- _WORK TO COMPLETE_
Omit every picture, then return each line of the data below exactly.

- _RECORDS SUPPLIED_

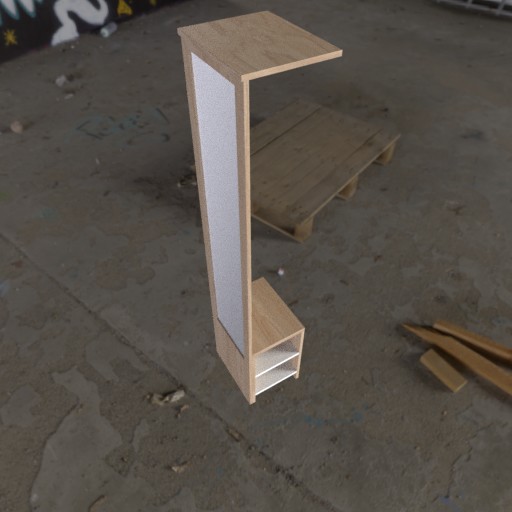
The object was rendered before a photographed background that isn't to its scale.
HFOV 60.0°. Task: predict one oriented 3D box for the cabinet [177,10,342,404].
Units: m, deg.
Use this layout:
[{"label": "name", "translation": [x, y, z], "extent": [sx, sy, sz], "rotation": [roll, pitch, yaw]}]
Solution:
[{"label": "cabinet", "translation": [0.000, 0.000, 2.012], "extent": [0.338, 1.879, 0.411], "rotation": [-23, 50, -21]}]

- _RESPONSE AREA_
The object was rendered before a photographed background that isn't to its scale.
HFOV 60.0°. Task: predict one oriented 3D box for the cabinet [177,10,342,404].
Units: m, deg.
Use this layout:
[{"label": "name", "translation": [x, y, z], "extent": [sx, sy, sz], "rotation": [roll, pitch, yaw]}]
Solution:
[{"label": "cabinet", "translation": [0.000, 0.000, 2.012], "extent": [0.338, 1.879, 0.411], "rotation": [-23, 50, -21]}]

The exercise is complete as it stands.